Nur wenige Minuten, nachdem Seeler wieder auf der Osttribüne wieder Platz genommen hatte, durften die dominanten Gäste, die allenfalls 80 Prozent ihres Maximaleinsatzes zeigten, ein weiteres Mal jubeln. Arjen Robben erwischte einen langen Ball von Kroos und schob zum 0:3 ein (51.).

Der Bayern-Coach nutzte die klare Führung, um Kräfte zu schonen. Bastian Schweinsteiger feierte nach langer Pause sein Comeback. Und ausgerechnet der Nationalspieler war beteiligt am nächsten HSV-Schock: Bei einem Zweikampf mit Schweinsteiger knickte Milan Badelj mit dem rechten Fuß um (72.). Fast nebensächlich, dass Götze Mandzukic zum 0:4 auflegte (74.). Kurz darauf erhöhte der Kroate nach einem Freistoß sogar auf 5:0 (76.). Die HSV-Fans interessierte das nicht mehr: „Niemals Zweite Liga“, sangen Sie und feierten ihr Team trotzig nach dem Abpfiff.
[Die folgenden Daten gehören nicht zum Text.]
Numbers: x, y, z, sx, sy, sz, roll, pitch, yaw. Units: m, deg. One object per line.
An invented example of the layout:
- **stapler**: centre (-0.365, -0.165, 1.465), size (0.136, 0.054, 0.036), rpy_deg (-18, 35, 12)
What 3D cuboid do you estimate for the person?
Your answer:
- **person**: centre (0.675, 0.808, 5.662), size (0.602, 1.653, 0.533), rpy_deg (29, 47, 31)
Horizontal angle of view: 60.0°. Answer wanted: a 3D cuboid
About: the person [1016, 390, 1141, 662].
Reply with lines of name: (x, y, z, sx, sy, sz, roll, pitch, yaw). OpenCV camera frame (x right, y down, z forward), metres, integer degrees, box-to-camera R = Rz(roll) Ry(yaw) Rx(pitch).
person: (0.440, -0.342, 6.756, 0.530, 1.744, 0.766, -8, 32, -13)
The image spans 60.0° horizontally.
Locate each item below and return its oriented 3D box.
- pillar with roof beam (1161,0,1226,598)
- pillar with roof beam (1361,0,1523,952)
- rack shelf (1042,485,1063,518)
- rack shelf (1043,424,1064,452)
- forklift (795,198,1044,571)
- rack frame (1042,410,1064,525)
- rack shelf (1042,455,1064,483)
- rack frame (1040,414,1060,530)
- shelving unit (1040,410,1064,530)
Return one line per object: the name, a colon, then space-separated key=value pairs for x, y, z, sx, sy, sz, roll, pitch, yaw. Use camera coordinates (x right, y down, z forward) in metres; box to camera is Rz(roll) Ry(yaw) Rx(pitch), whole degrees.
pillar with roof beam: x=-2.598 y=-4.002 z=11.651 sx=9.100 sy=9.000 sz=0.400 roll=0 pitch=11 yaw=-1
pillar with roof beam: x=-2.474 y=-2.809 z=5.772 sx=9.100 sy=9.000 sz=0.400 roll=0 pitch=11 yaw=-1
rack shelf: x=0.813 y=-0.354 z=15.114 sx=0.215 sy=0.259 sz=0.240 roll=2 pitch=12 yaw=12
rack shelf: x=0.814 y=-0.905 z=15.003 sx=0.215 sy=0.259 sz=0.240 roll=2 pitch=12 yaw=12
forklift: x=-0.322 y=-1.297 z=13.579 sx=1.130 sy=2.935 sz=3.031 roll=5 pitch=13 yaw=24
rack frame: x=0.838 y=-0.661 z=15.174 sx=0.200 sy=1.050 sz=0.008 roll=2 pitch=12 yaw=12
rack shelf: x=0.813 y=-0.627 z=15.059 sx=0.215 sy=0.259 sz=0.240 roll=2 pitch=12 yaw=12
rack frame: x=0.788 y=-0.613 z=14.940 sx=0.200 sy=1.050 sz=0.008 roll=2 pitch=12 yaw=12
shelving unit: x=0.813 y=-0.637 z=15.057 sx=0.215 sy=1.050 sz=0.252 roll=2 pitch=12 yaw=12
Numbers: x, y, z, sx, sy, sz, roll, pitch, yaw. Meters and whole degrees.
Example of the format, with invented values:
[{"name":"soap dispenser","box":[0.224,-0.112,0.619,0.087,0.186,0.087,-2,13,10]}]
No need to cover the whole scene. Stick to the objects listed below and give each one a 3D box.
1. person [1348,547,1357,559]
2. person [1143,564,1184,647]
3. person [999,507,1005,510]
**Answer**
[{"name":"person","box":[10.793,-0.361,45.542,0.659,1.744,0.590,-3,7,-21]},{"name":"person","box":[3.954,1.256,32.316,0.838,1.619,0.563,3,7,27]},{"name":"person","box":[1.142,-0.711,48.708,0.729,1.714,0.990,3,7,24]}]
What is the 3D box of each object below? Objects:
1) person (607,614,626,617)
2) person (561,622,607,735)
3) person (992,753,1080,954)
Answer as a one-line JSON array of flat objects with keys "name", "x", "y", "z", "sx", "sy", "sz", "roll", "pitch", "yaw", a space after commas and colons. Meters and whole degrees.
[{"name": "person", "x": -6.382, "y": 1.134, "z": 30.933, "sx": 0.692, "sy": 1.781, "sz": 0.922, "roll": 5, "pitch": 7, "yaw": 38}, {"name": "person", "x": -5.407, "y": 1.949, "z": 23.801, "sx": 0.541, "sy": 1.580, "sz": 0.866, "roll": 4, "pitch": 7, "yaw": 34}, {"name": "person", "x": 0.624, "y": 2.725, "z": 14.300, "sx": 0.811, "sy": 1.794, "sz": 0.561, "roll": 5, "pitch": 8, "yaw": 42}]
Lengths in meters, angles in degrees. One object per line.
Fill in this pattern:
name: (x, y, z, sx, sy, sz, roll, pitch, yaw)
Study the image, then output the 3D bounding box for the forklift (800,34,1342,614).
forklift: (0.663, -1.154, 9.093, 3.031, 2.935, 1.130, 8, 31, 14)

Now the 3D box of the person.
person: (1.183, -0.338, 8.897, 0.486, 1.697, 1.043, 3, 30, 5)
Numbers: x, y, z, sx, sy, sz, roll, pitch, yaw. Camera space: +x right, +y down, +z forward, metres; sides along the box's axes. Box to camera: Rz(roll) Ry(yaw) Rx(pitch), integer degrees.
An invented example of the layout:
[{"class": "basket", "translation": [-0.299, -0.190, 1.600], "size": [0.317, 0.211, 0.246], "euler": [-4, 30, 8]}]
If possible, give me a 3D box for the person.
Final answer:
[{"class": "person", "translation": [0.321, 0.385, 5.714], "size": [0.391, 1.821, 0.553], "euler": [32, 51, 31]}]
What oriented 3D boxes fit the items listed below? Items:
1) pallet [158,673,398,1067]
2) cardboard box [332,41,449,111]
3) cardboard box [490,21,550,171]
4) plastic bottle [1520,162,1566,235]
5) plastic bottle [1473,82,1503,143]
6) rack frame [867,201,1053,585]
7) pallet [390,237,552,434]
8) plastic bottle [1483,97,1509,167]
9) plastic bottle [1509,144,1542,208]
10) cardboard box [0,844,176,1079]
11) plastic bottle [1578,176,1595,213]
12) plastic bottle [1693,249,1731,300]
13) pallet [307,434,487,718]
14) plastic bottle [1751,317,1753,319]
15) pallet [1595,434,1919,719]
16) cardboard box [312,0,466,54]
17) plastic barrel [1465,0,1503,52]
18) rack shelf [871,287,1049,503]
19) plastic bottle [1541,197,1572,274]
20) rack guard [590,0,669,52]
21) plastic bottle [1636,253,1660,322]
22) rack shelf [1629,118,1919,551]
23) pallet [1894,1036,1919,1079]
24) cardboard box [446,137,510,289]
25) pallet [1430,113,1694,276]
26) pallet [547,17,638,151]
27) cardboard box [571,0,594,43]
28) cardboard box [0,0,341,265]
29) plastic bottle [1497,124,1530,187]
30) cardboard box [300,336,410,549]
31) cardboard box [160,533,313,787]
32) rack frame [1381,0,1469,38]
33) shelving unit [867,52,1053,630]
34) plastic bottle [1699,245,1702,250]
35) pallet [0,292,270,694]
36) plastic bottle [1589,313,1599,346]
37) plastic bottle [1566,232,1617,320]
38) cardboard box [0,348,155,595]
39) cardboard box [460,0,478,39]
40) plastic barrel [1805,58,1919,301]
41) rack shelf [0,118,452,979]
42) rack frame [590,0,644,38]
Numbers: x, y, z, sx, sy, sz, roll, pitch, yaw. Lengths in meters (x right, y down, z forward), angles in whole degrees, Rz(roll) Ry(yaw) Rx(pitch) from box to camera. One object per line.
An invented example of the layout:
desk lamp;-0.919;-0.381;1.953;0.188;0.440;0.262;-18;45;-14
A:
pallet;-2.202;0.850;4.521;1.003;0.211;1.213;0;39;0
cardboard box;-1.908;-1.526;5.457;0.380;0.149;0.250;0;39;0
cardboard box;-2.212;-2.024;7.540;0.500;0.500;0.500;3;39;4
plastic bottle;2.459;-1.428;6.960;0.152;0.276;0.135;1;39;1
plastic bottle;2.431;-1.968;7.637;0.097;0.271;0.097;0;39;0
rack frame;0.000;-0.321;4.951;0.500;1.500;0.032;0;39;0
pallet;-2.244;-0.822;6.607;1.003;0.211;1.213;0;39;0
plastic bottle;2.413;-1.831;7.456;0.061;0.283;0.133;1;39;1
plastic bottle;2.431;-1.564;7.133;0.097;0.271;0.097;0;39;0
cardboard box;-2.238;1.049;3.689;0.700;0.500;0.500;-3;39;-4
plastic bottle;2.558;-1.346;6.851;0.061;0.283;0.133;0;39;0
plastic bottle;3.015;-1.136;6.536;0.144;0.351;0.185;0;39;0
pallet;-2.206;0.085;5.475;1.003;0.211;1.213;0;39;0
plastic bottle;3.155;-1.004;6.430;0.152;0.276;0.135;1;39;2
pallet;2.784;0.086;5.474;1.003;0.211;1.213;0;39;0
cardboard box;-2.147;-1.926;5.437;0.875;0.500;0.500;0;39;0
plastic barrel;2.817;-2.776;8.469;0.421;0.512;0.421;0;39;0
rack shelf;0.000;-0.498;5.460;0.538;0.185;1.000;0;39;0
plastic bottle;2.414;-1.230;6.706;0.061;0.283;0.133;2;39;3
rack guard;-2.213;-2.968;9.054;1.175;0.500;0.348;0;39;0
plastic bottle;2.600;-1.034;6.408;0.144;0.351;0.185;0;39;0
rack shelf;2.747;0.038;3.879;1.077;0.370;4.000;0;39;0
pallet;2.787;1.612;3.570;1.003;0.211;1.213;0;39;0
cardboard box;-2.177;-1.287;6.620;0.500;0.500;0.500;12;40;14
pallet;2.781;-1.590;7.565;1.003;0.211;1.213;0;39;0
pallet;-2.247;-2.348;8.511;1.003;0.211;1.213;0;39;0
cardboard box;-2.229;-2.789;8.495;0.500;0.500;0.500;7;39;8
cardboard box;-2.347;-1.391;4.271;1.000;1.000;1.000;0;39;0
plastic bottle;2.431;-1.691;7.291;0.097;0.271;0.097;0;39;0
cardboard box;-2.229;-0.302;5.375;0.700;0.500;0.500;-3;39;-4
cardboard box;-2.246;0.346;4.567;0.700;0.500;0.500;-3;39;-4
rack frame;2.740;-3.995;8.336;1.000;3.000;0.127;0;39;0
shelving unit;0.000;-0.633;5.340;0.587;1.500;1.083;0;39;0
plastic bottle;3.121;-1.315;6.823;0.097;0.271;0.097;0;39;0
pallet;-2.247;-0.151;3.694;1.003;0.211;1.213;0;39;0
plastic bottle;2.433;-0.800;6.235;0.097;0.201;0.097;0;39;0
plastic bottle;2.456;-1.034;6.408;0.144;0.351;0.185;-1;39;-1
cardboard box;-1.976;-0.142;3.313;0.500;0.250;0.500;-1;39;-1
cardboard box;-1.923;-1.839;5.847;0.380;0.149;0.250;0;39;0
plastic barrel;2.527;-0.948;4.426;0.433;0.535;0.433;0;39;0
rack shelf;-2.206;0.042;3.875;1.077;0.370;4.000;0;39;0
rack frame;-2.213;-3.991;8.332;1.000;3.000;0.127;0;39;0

Dennoch endete das Spiel mit einem Debakel. Nicht nur vorgeführt und hoch verloren, sondern mit van der Vaart und Badelj auch noch zwei wichtige Spieler verloren. Ausgerechnet jetzt. „Braunschweig ist das wichtigste Spiel des Jahres“, blickte van Marwijk auf Sonnabend, „ich hoffe, es ist nicht so schlimm.“ Auch Hakan Calhanoglu dachte ans Wochenende: „Bayern hat die beste Mannschaft der Welt. Wichtig ist, dass wir gegen Braunschweig nicht so spielen wie heute.“ Das Schlusswort hatte Guardiola: „Mein Kollege ist ein Gentleman. Ich wünsche ihm und dem HSV viel Glück.“

Das Schema

HSV: Adler – Lam, Tah, Westermann, Jansen – Rincon, Badelj (72. Bouy) – Ilicevic, van der Vaart (40. Arslan), John – Calhanoglu (71. Zoua). – Trainer: van Marwijk

Bayern: Neuer – Rafinha, Jerome Boateng (49. Martínez), Dante, Alaba – Lahm (65. Schweinsteiger) – Robben, Thiago (64. Shaqiri), Toni Kroos, Götze – Mandzukic. – Trainer: Guardiola

Schiedsrichter: Felix Zwayer (Berlin)

Tore: 0:1 Mandzukic (22.), 0:2 Dante (26.), 0:3 Robben (54.), 0:4 Mandzukic (74.), 0:5 Mandzukic (76.)